On 7 August the UK Government’s Department of Digital, Culture, Media and Sport published a Statement of Intent in relation to the new Data Protection Bill. This comes only a month before we were led to expect to see the draft Bill itself.
At first glance, notwithstanding some of the headlines in the press, it looks more like a statement of what we already know. It combines a summary of some of the new elements of the GDPR (such as the new fines, rights for individuals and obligations on data controllers and processors), with a reiteration of some messages we have already heard, including the importance of cross border data flows to our economy.
So, what do we learn that is new? In between the summaries and restatements there are a few interesting points to note:
1. Implementation: For smooth transition, the Rt Hon Matt Hancock MP (Minister of State for Digital) in his foreword says that implementation will be done in a way that as far as possible preserves the concepts of the UK Data Protection Act, while complying with the GDPR in full. The slight surprise comes later in the Statement in a section entitled “Repeal the Data Protection Act 1998”. One would think that this section would describe that the DPA will be repealed by the Bill, but in fact it talks about adjusting our domestic law to remove inconsistencies and making the necessary repeals to ensure clarity of roles and responsibilities. Is this leaving room for a more patchwork approach? It is also left unclear as to how far GDPR requirements will be reproduced in the text of the Bill so that that they continue to apply automatically in the UK following Brexit
2. New criminal offences: Perhaps the most interesting part is on the new criminal offences that the Bill will create. The following new offences will be created:
– a new offence of intentionally or recklessly re-identifying individuals from anonymised or pseudonomised data with a maximum penalty of an unlimited fine;
– a new offence of altering records with intent to prevent disclosure following a subject access request. Again the maximum penalty would be an unlimited fine; and
– a widening of the existing offence of unlawfully obtaining data to capture people who retain data against the wishes of the controller, even if they initially obtained it lawfully.

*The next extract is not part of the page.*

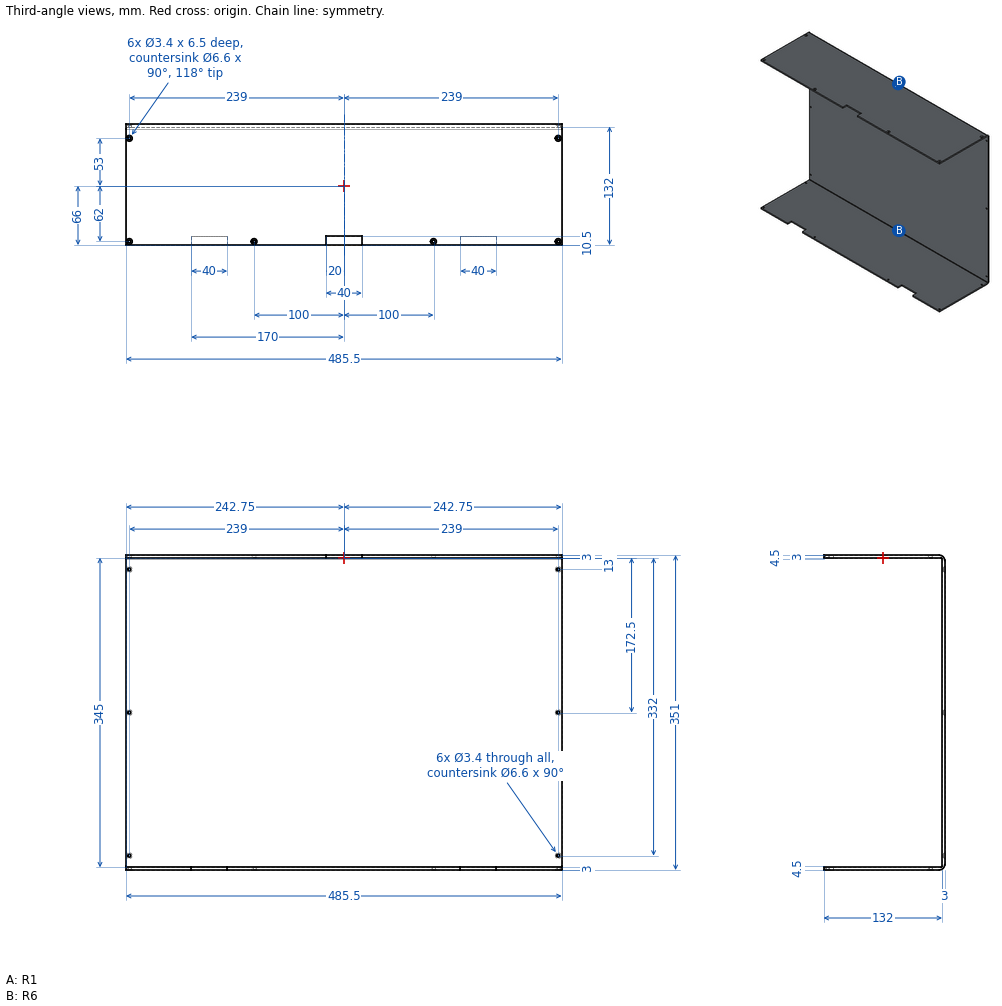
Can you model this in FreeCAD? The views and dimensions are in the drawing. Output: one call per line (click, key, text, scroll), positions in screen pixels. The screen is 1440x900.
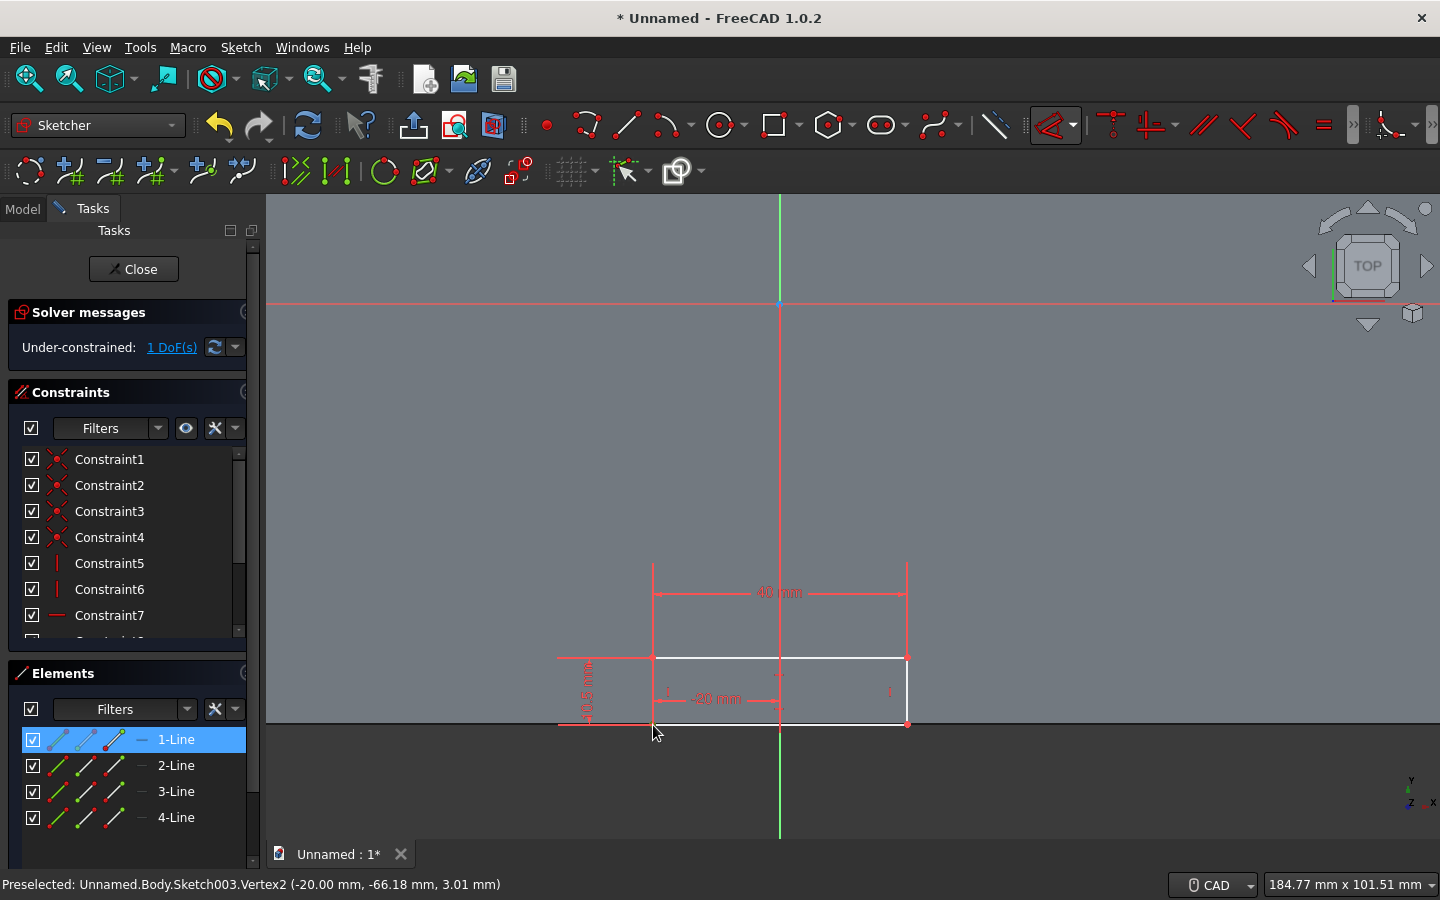
click(1076, 126)

3. UK derogations: The Statement gives us a glimpse into the government’s approach to derogations following their consultation including:
– an ability to require social media platforms, on request, to delete information held about you at the age of 18
– children aged 13 years or older can consent to data processing (this is the lower end of the age range of 13-16 permitted under the GDPR)
– the right to process personal data on criminal convictions and offences will be extended beyond the official bodies, taking a similar approach to that taken for sensitive personal data, thereby enabling all organisations to continue to process such data in appropriate circumstances
– an intention to broadly replicate s32 of the DPA on freedom of expression in the media while strengthening the ICO’s ability to enforce it
– the research exemption is intended to ensure that the UK continues to be a centre of ground breaking research – much as now research organisations and archiving services won’t have to respond to DSARs or rights to rectify, restrict, or object where it would seriously impair them from fulfilling their purposes (as long as there are appropriate security safeguards).
4. Accountability with less bureaucracy: The Statement promises to build accountability, one of the cornerstones of the GDPR, but with less bureaucracy. It is unclear how the UK government hopes to achieve this as the extensive accountability obligations in the GDPR, such as keeping records of processing, conducting impact assessments (DPIAs) for risky processing, and notifying data breaches within 72 hours, will necessarily require an audit trail and various checks, processes and actions.
5. Still no more clarity on how they will address cross border data flows: Despite the concerns expressed recently by the House of Lords European Union Committee who were struck by the apparent lack of detailed thinking into how the Government plans to achieve the unhindered flow of personal data across borders, the content of this Statement is still vague. It repeats that bringing EU law into domestic law will help to prepare our future, and again expresses a commitment to ensuring uninterrupted data flows, but there is still no concrete strategy expressed as to how the Government plans to achieve this. Assuming the UK looks for an “adequacy decision” from the European Commission, there is likely to have to be a transitional period while this is agreed. According to the Statement, the Data Protection Bill will place us on the front foot in allowing the UK to maximise future data relationships with the EU and elsewhere. It remains to be seen if the Bill addresses this point and, if so, how it purports to do so, particularly in relation to transfers “elsewhere”.
So there are a few new pointers, and a preview of some new offences, but we are still rather in the dark and can only wait for the draft Bill.